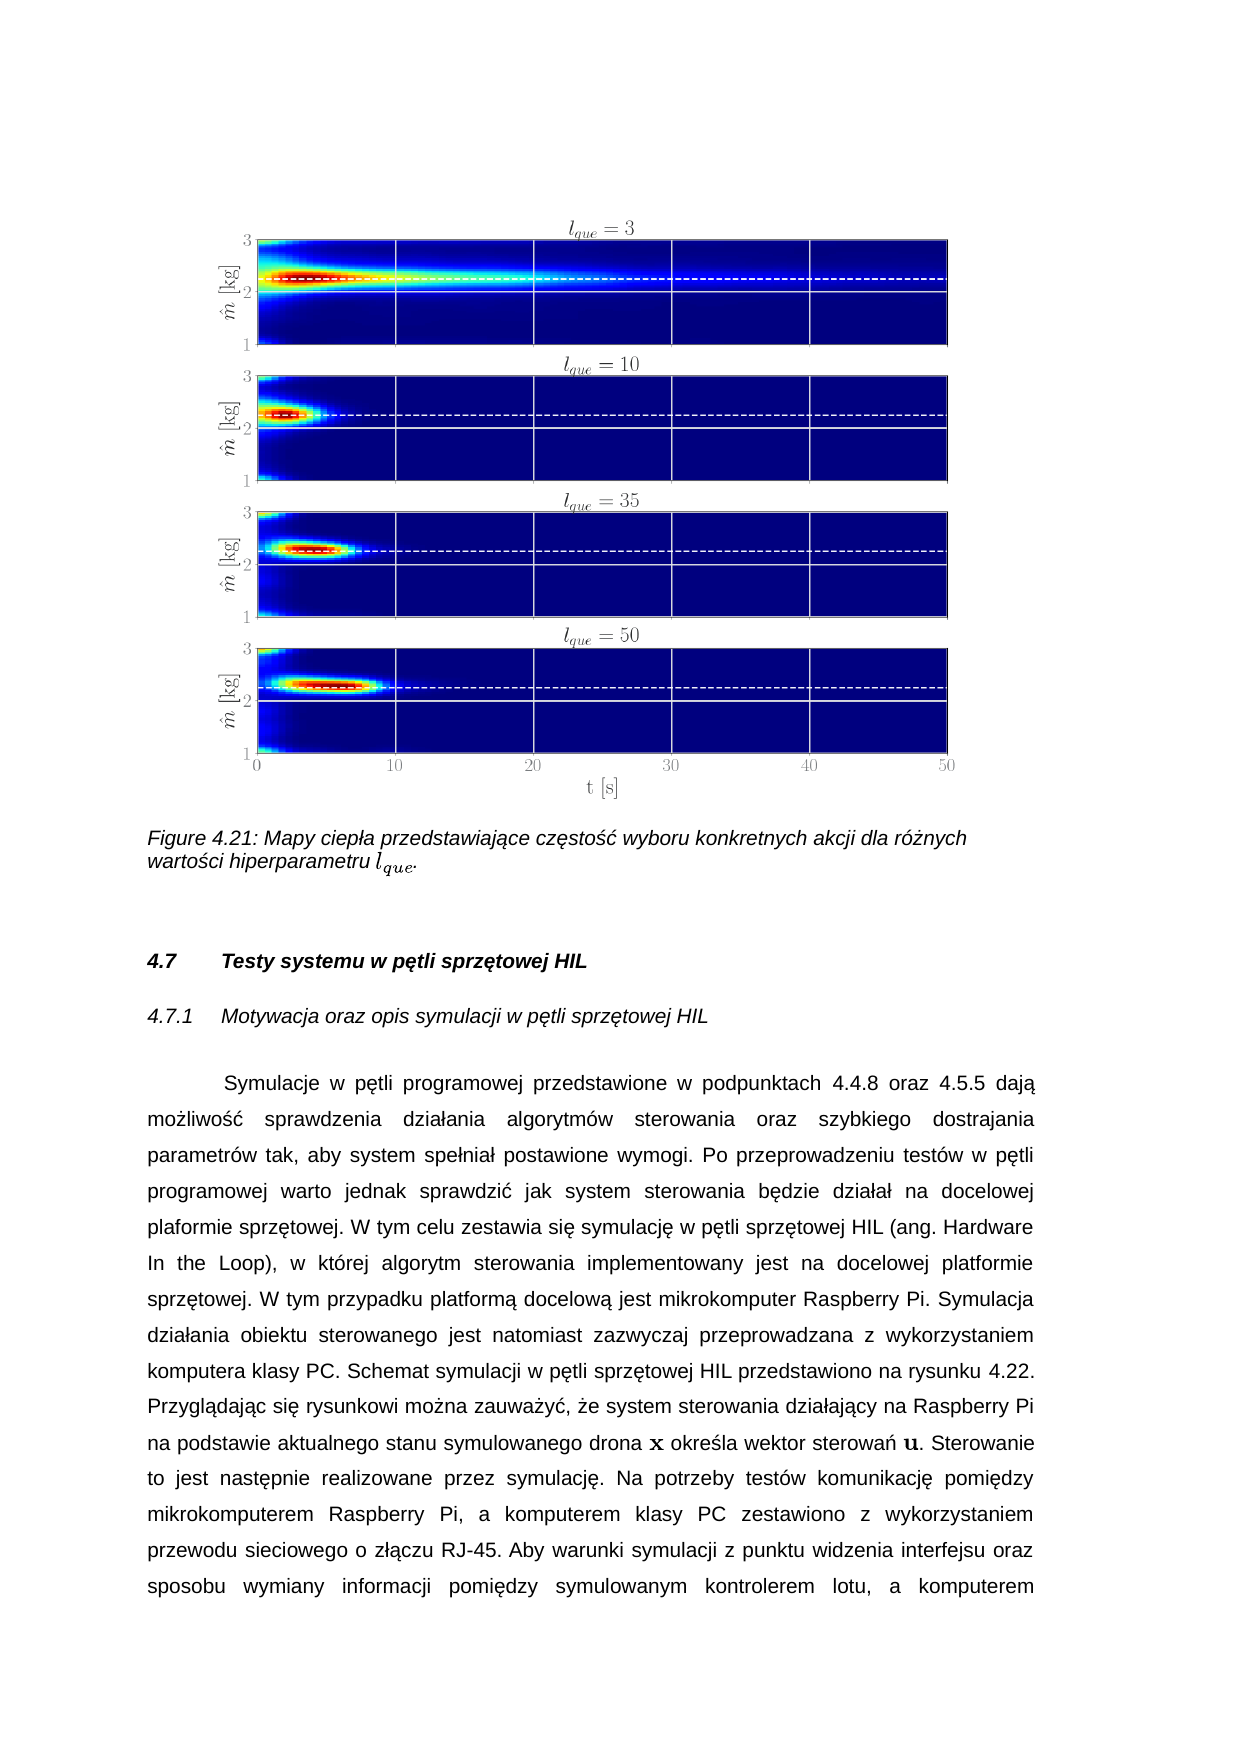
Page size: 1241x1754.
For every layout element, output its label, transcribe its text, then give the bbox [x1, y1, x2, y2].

text Symulacje w pętli programowej przedstawione w podpunktach 4.4.8 oraz 4.5.5 dają możliwość sprawdzenia działania algorytmów sterowania oraz szybkiego dostrajania parametrów tak, aby system spełniał postawione wymogi. Po przeprowadzeniu testów w pętli programowej warto jednak sprawdzić jak system sterowania będzie działał na docelowej plaformie sprzętowej. W tym celu zestawia się symulację w pętli sprzętowej HIL (ang. Hardware In the Loop), w której algorytm sterowania implementowany jest na docelowej platformie sprzętowej. W tym przypadku platformą docelową jest mikrokomputer Raspberry Pi. Symulacja działania obiektu sterowanego jest natomiast zazwyczaj przeprowadzana z wykorzystaniem komputera klasy PC. Schemat symulacji w pętli sprzętowej HIL przedstawiono na rysunku 4.22. Przyglądając się rysunkowi można zauważyć, że system sterowania działający na Raspberry Pi na podstawie aktualnego stanu symulowanego drona określa wektor sterowań . Sterowanie to jest następnie realizowane przez symulację. Na potrzeby testów komunikację pomiędzy mikrokomputerem Raspberry Pi, a komputerem klasy PC zestawiono z wykorzystaniem przewodu sieciowego o złączu RJ-45. Aby warunki symulacji z punktu widzenia interfejsu oraz sposobu wymiany informacji pomiędzy symulowanym kontrolerem lotu, a komputerem [147, 1071, 1035, 1598]
subtitle Motywacja oraz opis symulacji w pętli sprzętowej HIL [147, 1004, 1035, 1028]
subtitle Testy systemu w pętli sprzętowej HIL [147, 949, 1035, 973]
text Figure 4.21: Mapy ciepła przedstawiające częstość wyboru konkretnych akcji dla różnych wartości hiperparametru . [147, 826, 1035, 876]
picture [147, 159, 1035, 826]

*Exercise objective*
Copy out exactly the lines from the line with "subtitle Motywacja oraz" to the end of the listing, including both of those lines, and give nothing else.

*Expected output*
subtitle Motywacja oraz opis symulacji w pętli sprzętowej HIL [147, 1004, 1035, 1028]
subtitle Testy systemu w pętli sprzętowej HIL [147, 949, 1035, 973]
text Figure 4.21: Mapy ciepła przedstawiające częstość wyboru konkretnych akcji dla różnych wartości hiperparametru . [147, 826, 1035, 876]
picture [147, 159, 1035, 826]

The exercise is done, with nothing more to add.